When finished, start Active Directory Users And Computers and create a personal user account for yourself. Make it a member of the ExchangeFullAdmins security group.

Exercise 3: Add Additional Exchange Server 2003 Components

On your first Exchange Server 2003 server, insert the Exchange Server 2003 installation CD and start Setup.
On the Component Selection page, check marks appear next to the installed components. Click the check mark next to the Microsoft Exchange component, and select Change from the drop-down list.

Tip
You have to select Change at each component level or you will receive an error.

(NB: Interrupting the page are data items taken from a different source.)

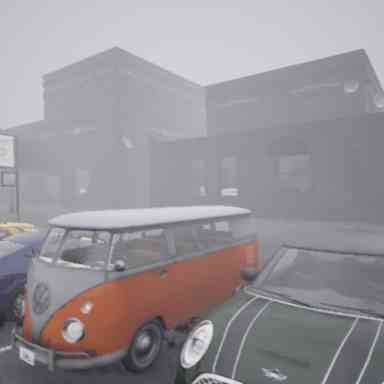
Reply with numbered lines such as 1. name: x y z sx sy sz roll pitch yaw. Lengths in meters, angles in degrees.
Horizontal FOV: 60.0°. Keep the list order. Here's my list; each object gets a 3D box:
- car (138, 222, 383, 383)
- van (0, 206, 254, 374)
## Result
1. car: 1.776 1.354 4.042 2.185 1.767 4.553 0 0 36
2. van: -0.555 1.253 5.524 1.878 1.987 4.442 0 0 36

You cannot set a child component to Change or Install without selecting its parent first.
In the Action column for Microsoft Exchange System Management Tools, click the check mark (which shows that the component is installed) and select Change from the drop-down list.
Click the Action column next to Microsoft Exchange 5.5 Administrator, and click Install.
Finish the wizard, and then verify that the Microsoft Exchange 5.5 Administrator is installed. You can find the program in the Microsoft Exchange menu, which is on the All Programs menu of the Start menu.

Lesson Review

The following questions are intended to reinforce key information presented in this lesson. If you are unable to answer a question, review the lesson materials and then try the question again. You can find answers to the questions in the "Questions and Answers" section at the end of this chapter.

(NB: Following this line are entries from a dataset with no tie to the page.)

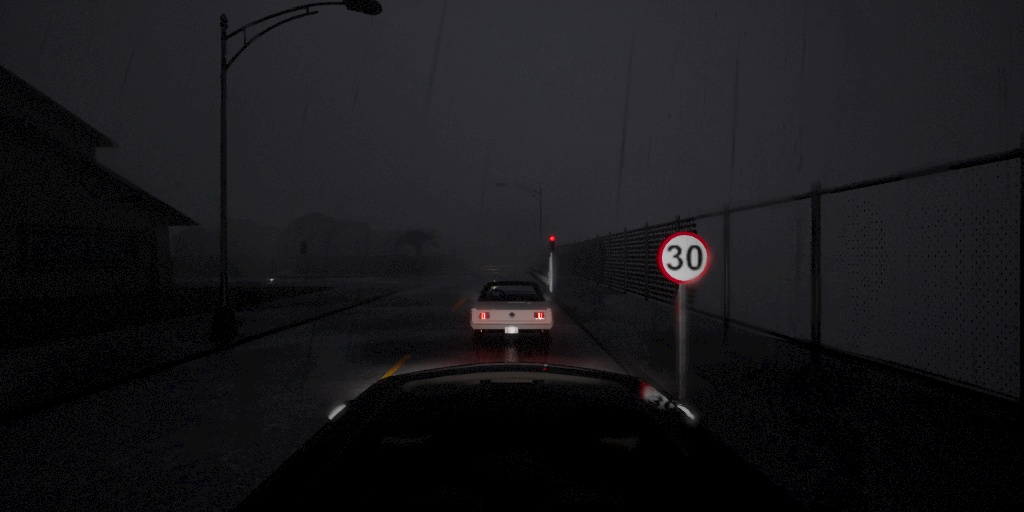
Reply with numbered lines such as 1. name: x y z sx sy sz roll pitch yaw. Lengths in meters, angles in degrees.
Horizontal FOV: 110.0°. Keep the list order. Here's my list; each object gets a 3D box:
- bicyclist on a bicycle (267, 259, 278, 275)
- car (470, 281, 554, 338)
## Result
1. bicyclist on a bicycle: -24.324 1.099 36.471 0.582 1.620 1.656 0 0 0
2. car: -0.002 1.351 10.163 1.895 1.301 4.718 0 0 0

You are the Exchange administrator for your organization. On Monday morning, users call to report that they are unable to open Microsoft Outlook; they receive an error message indicating that Exchange Server is unavailable. You check to see if the services are running and find that the Information Store service is stopped. You attempt to start it from Services and it fails, generating an error. Where do you begin troubleshooting?
Which of the following Microsoft operating systems meet the minimum requirements to install Microsoft Exchange System Management Tools?
1. Windows XP Home SP2
2. Windows XP Professional
3. Windows XP Professional SP1
4. Windows 98 SE
5. Windows NT Workstation 4.0 SP6a
6. Windows 2000 Professional SP2
7. Windows 2000 Professional SP3
8. Windows Millennium Edition (Windows Me)
You have been assigned the task of designing a more streamlined administrative structure for your Exchange Server 2003 organization. Your organization currently consists of 15 administrators who have various levels of administrative control of Exchange, assigned individually at the administrative group level as well as the organizational level, in some cases. What would be your best approach to this task?
You are an Exchange administrator for an organization that has five Exchange administrators who perform various tasks. There are no additional Exchange administration roles delegated outside of the service account that Exchange Server 2003 was installed with. You are trying to convince the senior Exchange administrator, who is more management-oriented than IT-oriented, to delegate administrative control to the individual administrators or, at a minimum, to create security groups and delegate control to the groups, but he is reluctant. His reasoning is that it is more secure if only a single user account has the Exchange Full Administrator role for the organization. How would you counter his argument?

Lesson Summary

Services are often dependent on other services to run, so to effectively troubleshoot Exchange Server 2003, it is important to know which services rely on each other.
Ideally, administrative control should be delegated to security groups rather than to individuals. Delegation of control is one of the first tasks that needs to be performed after installation in an organization that has multiple Exchange administrators.
Microsoft Exchange System Management Tools can be installed on a client workstation that meets the operating system and component requirements.
Administrative control can be delegated at either the organization level or the administrative group level.
Exchange Server 2003 components can be added or removed by re-running Setup and changing the installed components.